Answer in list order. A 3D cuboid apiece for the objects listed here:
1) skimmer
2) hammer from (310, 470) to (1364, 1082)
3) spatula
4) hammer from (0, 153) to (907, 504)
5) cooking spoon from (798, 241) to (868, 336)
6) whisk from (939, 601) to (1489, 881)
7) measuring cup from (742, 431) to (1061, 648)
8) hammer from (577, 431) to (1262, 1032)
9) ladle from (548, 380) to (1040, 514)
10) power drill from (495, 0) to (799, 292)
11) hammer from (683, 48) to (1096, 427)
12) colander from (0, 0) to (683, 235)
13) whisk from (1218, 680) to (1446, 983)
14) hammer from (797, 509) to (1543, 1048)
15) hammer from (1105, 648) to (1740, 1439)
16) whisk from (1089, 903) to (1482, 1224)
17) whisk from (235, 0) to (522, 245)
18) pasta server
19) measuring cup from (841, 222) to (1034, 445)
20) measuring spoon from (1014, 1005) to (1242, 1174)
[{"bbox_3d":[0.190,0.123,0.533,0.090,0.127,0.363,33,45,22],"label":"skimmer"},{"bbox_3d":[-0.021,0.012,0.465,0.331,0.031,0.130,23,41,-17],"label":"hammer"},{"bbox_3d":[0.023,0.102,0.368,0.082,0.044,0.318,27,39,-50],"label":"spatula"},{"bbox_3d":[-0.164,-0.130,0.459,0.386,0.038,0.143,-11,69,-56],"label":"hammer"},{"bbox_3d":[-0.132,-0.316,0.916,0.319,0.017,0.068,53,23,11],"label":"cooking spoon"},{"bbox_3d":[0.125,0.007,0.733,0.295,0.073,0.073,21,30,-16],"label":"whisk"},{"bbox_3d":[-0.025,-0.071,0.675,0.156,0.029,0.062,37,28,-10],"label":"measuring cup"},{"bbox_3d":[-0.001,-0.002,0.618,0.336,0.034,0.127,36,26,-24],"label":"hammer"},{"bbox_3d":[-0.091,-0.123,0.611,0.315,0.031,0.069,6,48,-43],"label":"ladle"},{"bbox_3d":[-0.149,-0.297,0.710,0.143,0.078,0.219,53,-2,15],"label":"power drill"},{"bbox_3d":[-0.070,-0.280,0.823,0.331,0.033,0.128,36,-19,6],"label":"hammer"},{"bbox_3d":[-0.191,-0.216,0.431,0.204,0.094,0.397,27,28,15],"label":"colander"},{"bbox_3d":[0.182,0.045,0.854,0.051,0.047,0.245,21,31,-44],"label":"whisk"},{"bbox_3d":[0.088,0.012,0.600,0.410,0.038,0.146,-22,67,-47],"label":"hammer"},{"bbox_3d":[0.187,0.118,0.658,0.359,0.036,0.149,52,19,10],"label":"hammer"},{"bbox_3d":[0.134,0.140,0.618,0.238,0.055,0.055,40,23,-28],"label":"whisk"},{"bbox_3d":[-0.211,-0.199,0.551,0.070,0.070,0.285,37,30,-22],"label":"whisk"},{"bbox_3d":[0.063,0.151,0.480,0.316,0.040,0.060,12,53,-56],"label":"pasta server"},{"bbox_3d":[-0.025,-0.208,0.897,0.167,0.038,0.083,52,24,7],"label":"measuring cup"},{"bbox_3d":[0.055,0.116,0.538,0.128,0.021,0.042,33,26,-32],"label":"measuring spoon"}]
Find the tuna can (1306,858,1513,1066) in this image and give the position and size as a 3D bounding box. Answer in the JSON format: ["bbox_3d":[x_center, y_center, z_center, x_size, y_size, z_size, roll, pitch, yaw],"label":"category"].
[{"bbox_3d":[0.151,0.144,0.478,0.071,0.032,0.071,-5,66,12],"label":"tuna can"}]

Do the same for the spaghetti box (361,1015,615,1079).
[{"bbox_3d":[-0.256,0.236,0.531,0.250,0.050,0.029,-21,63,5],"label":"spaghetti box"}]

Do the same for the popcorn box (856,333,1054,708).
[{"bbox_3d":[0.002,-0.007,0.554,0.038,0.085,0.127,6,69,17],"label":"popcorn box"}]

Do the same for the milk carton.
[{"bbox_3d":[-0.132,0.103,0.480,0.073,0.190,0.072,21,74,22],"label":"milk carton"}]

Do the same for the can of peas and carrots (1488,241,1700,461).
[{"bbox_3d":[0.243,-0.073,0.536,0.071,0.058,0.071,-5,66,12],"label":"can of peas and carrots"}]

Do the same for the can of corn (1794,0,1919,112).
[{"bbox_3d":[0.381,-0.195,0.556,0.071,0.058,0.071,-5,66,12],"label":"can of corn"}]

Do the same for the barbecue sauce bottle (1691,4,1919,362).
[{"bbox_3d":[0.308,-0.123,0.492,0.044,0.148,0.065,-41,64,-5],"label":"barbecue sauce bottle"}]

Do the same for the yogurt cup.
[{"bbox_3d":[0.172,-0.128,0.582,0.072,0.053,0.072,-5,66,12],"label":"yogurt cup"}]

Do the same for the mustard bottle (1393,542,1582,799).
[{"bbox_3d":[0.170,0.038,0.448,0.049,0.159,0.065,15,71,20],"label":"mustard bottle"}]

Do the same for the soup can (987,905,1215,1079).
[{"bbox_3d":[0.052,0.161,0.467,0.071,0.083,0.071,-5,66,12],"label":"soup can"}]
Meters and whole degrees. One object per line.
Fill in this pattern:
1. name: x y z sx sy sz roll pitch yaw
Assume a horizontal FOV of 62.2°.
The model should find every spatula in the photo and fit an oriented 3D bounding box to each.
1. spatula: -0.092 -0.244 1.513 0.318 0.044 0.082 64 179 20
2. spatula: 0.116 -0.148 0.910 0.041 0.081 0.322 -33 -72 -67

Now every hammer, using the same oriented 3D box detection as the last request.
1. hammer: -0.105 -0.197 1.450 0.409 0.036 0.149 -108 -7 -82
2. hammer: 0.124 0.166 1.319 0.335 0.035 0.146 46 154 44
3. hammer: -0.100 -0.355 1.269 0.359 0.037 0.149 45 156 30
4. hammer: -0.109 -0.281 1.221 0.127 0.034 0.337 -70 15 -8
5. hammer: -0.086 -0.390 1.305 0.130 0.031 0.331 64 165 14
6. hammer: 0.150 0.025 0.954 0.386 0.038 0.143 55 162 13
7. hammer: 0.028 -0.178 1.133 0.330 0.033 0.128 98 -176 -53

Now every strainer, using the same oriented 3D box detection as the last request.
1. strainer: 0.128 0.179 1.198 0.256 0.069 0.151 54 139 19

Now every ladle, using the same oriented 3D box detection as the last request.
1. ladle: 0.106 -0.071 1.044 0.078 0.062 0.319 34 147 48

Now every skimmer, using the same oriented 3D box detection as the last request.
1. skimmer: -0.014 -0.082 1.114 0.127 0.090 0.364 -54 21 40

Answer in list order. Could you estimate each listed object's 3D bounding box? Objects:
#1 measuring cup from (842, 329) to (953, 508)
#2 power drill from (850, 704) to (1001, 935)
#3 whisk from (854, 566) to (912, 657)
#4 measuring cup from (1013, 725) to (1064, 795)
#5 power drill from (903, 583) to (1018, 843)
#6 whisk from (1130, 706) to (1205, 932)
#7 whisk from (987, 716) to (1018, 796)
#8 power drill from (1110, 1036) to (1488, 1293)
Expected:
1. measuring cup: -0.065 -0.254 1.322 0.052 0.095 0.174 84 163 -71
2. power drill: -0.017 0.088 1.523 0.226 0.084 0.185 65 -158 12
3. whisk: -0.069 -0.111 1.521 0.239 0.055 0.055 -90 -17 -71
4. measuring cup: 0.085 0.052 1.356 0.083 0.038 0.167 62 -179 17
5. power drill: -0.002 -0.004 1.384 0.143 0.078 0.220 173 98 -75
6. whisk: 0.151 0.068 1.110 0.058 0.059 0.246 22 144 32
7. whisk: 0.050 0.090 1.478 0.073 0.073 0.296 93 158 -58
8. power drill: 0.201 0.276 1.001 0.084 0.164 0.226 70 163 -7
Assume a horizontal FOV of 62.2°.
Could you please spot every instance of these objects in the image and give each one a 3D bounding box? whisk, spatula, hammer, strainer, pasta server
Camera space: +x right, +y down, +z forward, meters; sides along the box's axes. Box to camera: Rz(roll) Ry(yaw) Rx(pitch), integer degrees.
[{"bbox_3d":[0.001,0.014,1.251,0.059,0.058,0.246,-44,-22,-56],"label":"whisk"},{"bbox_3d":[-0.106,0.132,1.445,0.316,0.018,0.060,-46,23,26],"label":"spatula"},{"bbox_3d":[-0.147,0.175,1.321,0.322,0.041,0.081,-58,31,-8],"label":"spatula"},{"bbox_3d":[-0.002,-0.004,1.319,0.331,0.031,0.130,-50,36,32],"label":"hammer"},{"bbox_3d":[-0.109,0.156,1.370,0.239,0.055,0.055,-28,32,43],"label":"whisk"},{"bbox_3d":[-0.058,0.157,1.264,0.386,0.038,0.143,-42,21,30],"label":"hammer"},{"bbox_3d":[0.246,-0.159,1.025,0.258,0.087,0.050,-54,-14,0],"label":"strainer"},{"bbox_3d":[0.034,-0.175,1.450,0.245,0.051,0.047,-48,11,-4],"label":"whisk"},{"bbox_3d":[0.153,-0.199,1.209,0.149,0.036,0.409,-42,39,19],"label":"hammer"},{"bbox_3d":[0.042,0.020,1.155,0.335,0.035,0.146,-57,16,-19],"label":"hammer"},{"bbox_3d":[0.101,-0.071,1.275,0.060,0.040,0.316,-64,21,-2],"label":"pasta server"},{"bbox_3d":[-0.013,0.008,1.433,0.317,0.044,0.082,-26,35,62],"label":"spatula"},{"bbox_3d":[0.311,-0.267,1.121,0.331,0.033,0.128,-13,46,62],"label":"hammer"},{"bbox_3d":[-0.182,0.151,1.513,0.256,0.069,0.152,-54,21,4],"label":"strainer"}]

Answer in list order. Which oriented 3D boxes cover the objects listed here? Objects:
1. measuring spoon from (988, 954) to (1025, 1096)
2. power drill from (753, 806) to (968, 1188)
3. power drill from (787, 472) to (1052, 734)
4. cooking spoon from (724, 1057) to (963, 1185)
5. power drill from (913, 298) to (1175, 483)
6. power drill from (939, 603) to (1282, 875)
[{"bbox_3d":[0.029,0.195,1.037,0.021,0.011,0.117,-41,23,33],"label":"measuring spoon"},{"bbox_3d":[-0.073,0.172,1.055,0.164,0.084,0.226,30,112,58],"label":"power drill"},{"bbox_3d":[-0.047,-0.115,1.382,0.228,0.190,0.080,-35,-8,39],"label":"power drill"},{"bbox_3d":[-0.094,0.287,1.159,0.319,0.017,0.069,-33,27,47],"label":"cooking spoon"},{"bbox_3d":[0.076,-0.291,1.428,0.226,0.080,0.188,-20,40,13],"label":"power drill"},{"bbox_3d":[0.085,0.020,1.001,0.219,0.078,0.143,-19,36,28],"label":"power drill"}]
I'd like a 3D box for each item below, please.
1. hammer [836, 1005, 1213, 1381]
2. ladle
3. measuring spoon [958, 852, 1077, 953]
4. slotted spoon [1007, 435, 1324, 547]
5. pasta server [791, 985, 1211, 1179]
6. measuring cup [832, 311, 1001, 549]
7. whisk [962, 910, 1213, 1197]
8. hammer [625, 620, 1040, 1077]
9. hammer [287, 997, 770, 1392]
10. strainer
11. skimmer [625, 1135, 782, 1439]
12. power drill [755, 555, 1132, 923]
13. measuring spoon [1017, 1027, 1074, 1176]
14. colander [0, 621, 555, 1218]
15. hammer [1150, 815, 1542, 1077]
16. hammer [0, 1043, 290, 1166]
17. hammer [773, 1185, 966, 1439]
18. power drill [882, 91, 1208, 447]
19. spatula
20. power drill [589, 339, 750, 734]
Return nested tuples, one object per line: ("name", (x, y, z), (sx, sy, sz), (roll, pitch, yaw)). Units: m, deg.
---
Problem details: Start at the first line of the data above. Stop after the line containing "19) measuring cup", reproducing each line exactly and adding nothing.

Solution:
Answer in list order. A 3D cuboid apiece for the objects listed here:
1) skimmer
2) hammer from (310, 470) to (1364, 1082)
3) spatula
4) hammer from (0, 153) to (907, 504)
5) cooking spoon from (798, 241) to (868, 336)
6) whisk from (939, 601) to (1489, 881)
7) measuring cup from (742, 431) to (1061, 648)
8) hammer from (577, 431) to (1262, 1032)
9) ladle from (548, 380) to (1040, 514)
10) power drill from (495, 0) to (799, 292)
11) hammer from (683, 48) to (1096, 427)
12) colander from (0, 0) to (683, 235)
13) whisk from (1218, 680) to (1446, 983)
14) hammer from (797, 509) to (1543, 1048)
15) hammer from (1105, 648) to (1740, 1439)
16) whisk from (1089, 903) to (1482, 1224)
17) whisk from (235, 0) to (522, 245)
18) pasta server
19) measuring cup from (841, 222) to (1034, 445)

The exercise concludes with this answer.